A small transient on the reactive power set point can be observed both at fault inception and recovery. This can be attributed to the voltage monitoring system and the dynamics of the reactive power controller of the wind turbine – particularly to the wind turbine control action when calculating a reactive current reference based on a varying measured voltage. Afterwards, the wind turbine resumes normal operation, reducing the current (and therefore the reactive power output) to its pre-fault operating point. The system reaches a post-fault steady state at 0.43 s.

Figure 8Wind turbine tested for unbalanced voltage dip at low power production: three-phase voltage (a), current (b) and active and reactive power output (c).

## 4.3 Testing for unbalance voltage dip

This section studies the response of the wind turbine under unbalanced voltage dip. This test was conducted on 17 May 2016, under low wind conditions. Here, the turbine-side VSC of the actual test equipment is controlled in an open loop, and the voltages in phases a and b are dropped from 1 to 0.7 pu for 200 ms. The resulting PCC voltage is given in Fig. 8. During the duration of the test, the voltage in phase c is maintained at 1 pu from the VSC output. However, due the negative sequence across the AC circuit between test device and wind turbine, phase c appears slightly lower than 1 pu at the measurement point. Moreover, observe from the power plot in Fig. 8 that the reactive power is increased from approximately 0.25 to 0.35 pu. A relatively small oscillation at 100 Hz in both active and reactive power is seen, mainly due to the small negative sequence present in the current.

These last three examples clearly illustrate the response of the wind turbine, particularly the reactive power controller during a balanced and unbalanced voltage dip. Given that the tested wind turbine’s control system is unknown, these results suggest that the controller may also account for the negative sequence whilst still experiencing small oscillations in its output power.

## 4.4 Impact of the voltage dip in wind turbine converter

A voltage dip applied at the VSC terminals of the test equipment drastically affects the wind turbine converter voltage.

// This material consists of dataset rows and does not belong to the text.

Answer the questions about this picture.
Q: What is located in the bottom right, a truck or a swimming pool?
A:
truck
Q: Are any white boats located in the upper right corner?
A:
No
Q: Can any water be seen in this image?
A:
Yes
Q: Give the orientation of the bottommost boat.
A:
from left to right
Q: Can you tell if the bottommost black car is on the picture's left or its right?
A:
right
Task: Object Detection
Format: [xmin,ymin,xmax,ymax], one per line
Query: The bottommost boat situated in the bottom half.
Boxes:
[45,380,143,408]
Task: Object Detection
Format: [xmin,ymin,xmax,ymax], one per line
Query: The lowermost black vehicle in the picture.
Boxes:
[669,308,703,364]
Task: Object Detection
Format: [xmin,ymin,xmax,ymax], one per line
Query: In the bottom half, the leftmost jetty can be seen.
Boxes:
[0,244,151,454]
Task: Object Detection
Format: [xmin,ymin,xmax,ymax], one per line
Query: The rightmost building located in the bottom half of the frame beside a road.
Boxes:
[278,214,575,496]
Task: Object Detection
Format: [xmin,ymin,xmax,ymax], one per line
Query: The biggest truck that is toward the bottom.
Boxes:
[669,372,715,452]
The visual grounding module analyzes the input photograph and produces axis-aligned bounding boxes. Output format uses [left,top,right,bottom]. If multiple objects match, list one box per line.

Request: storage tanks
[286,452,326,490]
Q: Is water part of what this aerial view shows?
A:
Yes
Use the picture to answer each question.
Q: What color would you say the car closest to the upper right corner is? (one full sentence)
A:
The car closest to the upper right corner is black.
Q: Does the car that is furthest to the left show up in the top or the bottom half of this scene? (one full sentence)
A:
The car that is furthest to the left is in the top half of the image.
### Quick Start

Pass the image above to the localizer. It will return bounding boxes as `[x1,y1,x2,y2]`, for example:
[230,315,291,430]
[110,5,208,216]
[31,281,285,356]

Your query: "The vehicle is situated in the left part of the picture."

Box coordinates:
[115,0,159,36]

Moreover, the grid-side VSC controller of the wind turbine will react to the voltage dip measured at the LV side of its step-up output transformer, particularly at the grid-side LCL filter shown in Fig. 4. Although the measured voltage will be somewhat smooth due to the wind turbine transformer impedance and filtering stage, the resulting output current and DC voltage of the back-to-back VSC are controlled in such way that the wind turbine can maintain normal operation when possible. In this regard, the internal signals of the grid-side wind turbine converter are plotted for the case in Fig. 6, and the effect of the voltage dip test is further discussed below.

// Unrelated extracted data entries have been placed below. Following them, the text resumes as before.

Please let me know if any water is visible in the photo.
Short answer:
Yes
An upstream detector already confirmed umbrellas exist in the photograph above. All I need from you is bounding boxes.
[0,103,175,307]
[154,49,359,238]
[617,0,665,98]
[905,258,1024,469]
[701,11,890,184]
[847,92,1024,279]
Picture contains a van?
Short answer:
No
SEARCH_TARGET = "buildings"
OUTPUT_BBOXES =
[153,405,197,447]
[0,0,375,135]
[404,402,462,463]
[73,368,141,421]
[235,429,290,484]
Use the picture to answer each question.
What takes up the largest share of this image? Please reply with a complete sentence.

Figure 9Wind turbine VSC under a voltage dip: AC voltage resulting at the LV side of the wind turbine transformer (a), and DC voltage (b) and AC current magnitude measured at the grid-side VSC (c).

If the voltage reduction does not dip sufficiently, the wind turbine might have some extra room in its rating to maintain normal power production at a reduced voltage (see Fig. 5). This can be done by increasing the current immediately after detecting a voltage dip. In this regard, Fig. 9 shows the effect of a voltage dip in the wind turbine converter. The voltage imposed is measured at 1 pu and is dropped to 0.74 pu for approximately 150 ms. The VSC line current is also plotted in Fig. 9 and increases rapidly when the voltage dip is detected at 0.08 s. Its pre-fault value is 0.85 pu and rises to 1.3 pu during the dip.

Figure 10Wind turbine VSC under a voltage dip: generator torque (a) and speed (b).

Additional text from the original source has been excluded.